Coast Guard officials have not prepared a similar Waterways Suitability Assessment for Ca­brillo Port, the BHP Billiton project proposed for coastal Malibu, because it is not within a harbor or bay, like the Broadwater project.
The Coast Guard air and sea fleet is in a state of distress right now, with a half dozen ships showing hull cracks after a modernization program failed, leaving the ships and cutters unsafe and unusable.

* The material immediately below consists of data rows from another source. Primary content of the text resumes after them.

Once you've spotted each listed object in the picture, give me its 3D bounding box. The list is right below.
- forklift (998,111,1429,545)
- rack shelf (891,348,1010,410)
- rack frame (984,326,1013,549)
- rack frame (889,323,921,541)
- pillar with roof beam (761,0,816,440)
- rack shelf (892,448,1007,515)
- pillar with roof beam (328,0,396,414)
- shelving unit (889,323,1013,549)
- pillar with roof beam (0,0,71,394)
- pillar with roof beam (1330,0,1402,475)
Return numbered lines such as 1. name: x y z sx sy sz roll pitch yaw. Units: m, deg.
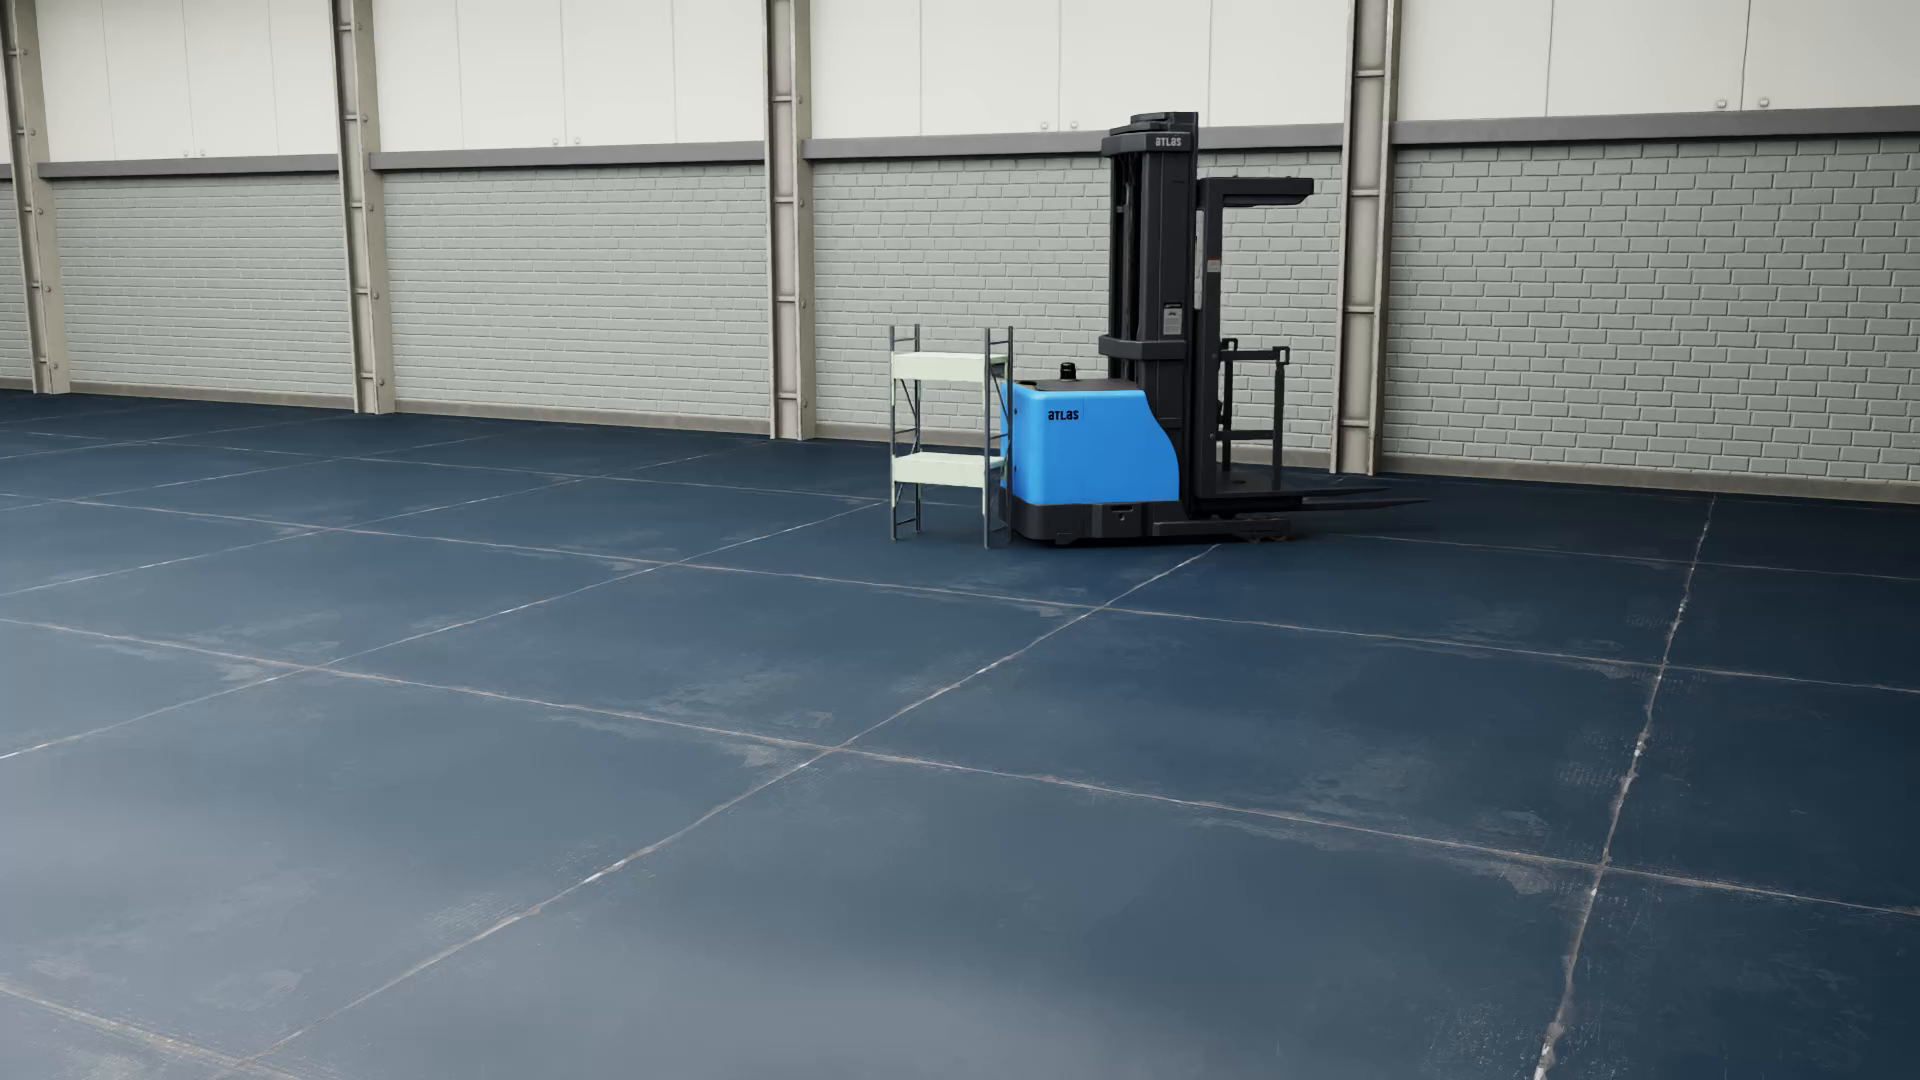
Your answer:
1. forklift: 1.853 -1.515 11.868 3.031 2.935 1.130 -2 10 -11
2. rack shelf: -0.060 -1.120 11.515 0.720 0.370 0.431 5 11 26
3. rack frame: 0.266 -0.706 11.422 0.023 1.500 0.400 5 11 26
4. rack frame: -0.387 -0.765 11.748 0.023 1.500 0.400 5 11 26
5. pillar with roof beam: -3.684 -4.833 13.165 0.400 9.000 9.100 5 11 26
6. rack shelf: -0.060 -0.415 11.643 0.720 0.370 0.431 5 11 26
7. pillar with roof beam: -9.064 -5.306 15.778 0.400 9.000 9.100 5 11 26
8. shelving unit: -0.060 -0.736 11.585 0.755 1.500 0.431 5 11 26
9. pillar with roof beam: -14.445 -5.778 18.390 0.400 9.000 9.100 5 11 26
10. pillar with roof beam: 1.697 -4.360 10.553 0.400 9.000 9.100 5 11 26
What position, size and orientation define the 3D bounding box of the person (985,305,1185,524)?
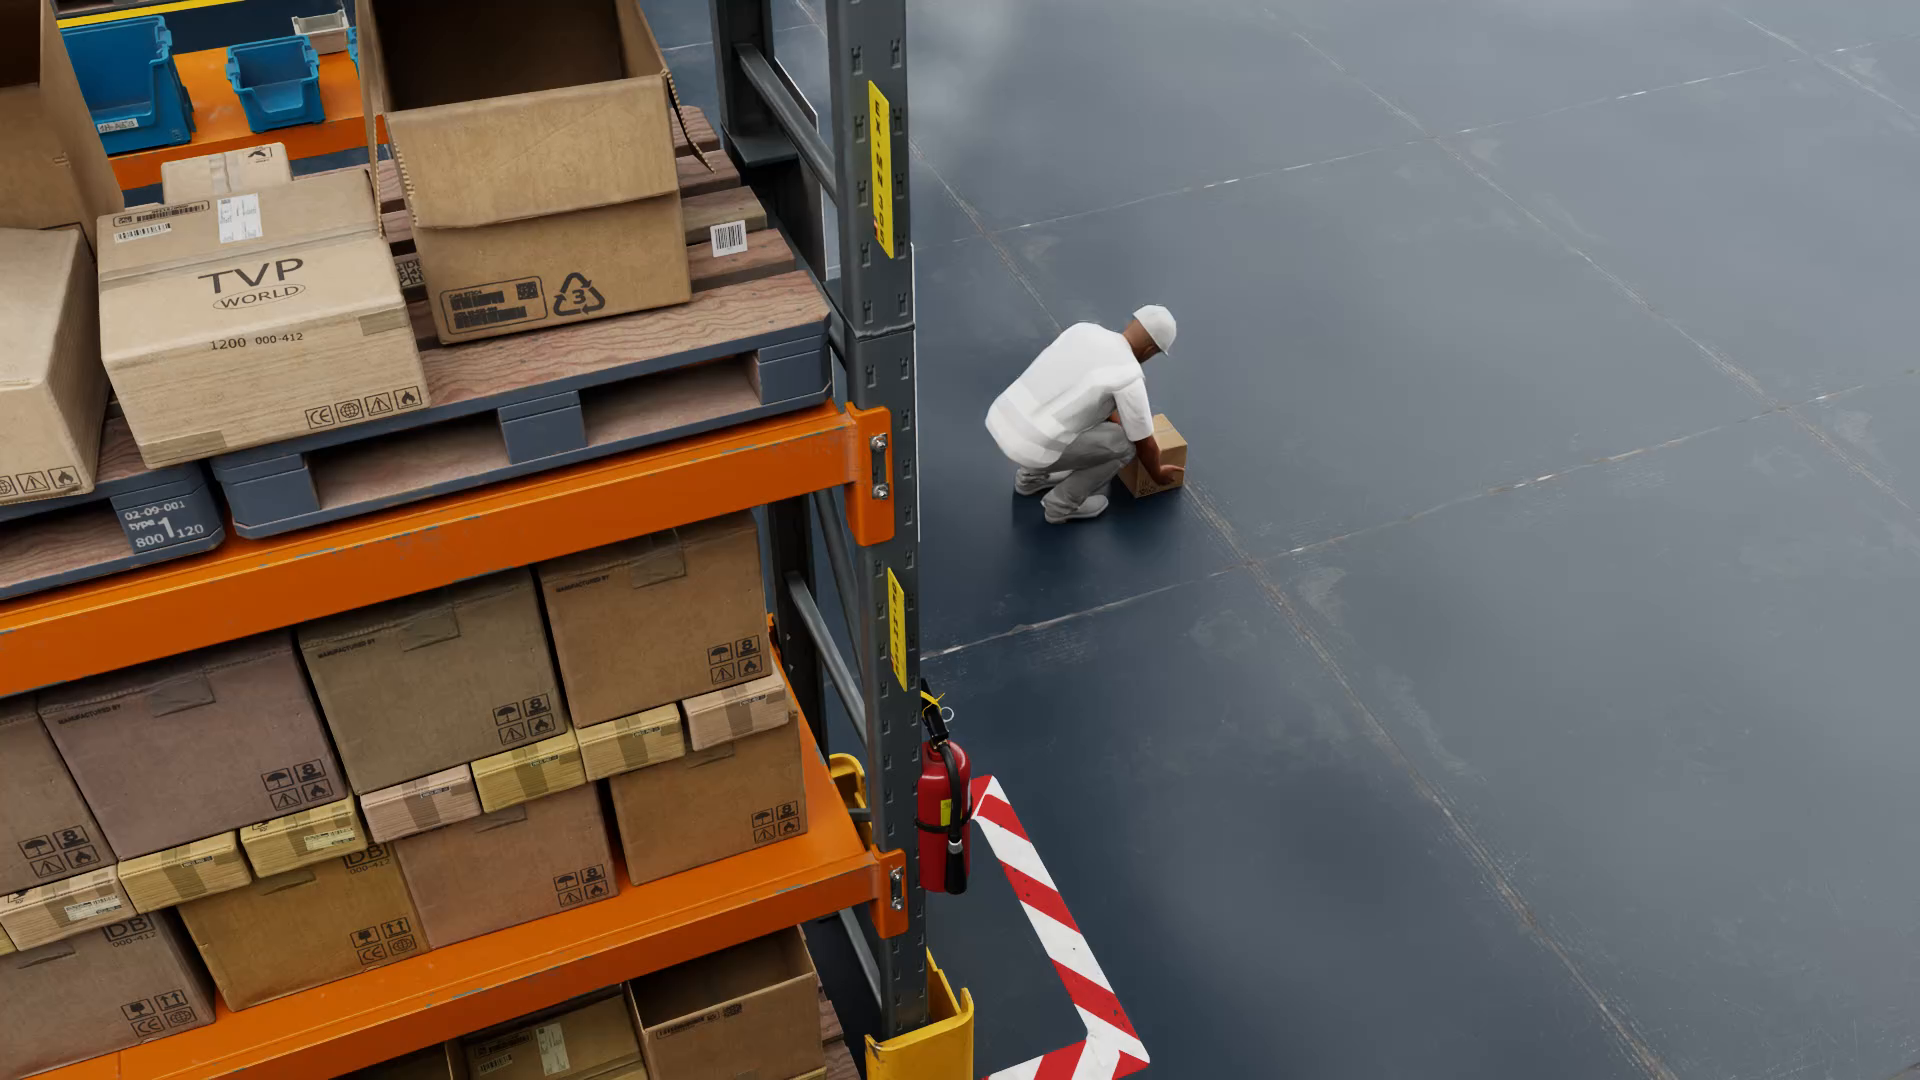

New helicopters are be­hind schedule and over budget, and the new GAO report warns that the Coast Guard may not be equipped to handle the task of guarding five existing LNG terminals, 15 LNG terminals in the permitting process, and another 25 or so proposed.
Thompson said he realized Coast Guard officials are attempting to fix the problems, “but I want to know if this course correction will occur before the additional LNG facilities come on line.”
Thompson said he was puzzled by the Coast Guard’s inability to say right now if it has enough staff. “Very rarely do I find a (Con­gressional) committee offering to help, and the offer is declined,” he said.
Some California decision-makers in behind-the-scenes meetings  with anti-LNG activists have reportedly raised the possibility of an LNG tanker being hijacked “and rammed into Santa Monica.”  
At last Wednesday’s hearing, an official with the Federal Energy Regulatory Commission downplayed the dangers of a terrorist attack, saying the worst-case scenario imaginable is a “pool fire” of spilled LNG that would burn for a half hour. “If you read the popular press, it (the danger) is overblown,” said J. Mark Robin­son, FERC’s director of energy projects.
“What they are talking about is second degree burns on exposed skin one mile away if you hold your arm out for a minute,” he told the committee. “If you just move away within 20-to-30 seconds, you won’t have a burn.”
In a 2005 report, the institute said the hijacking and destruction of an LNG tanker was unimaginable in a pre-9/11 world. “The attack on the U.S.S. Cole (in 2002) by al-Qaeda operatives in the harbor in Aden, Yemen changed all that.”
Using a small inflatable boat loaded with explosives, the attackers were able to blow a 40x60-foot hole in the side of the armored ship, inflicting heavy damage both above and largely be­low the waterline.
“Seventeen Navy personnel were killed and 36 injured in the attack,” the report continued. “Shortly thereafter, a small boat laden with explosives at­tacked the French tanker Lim­burg at Ash Shihr, Yemen.”
In that attack, both the inner and outer hulls of the double-hulled ship were penetrated, and damage extended, according to the captain, seven or eight meters into the cargo hold, which was filled with crude oil.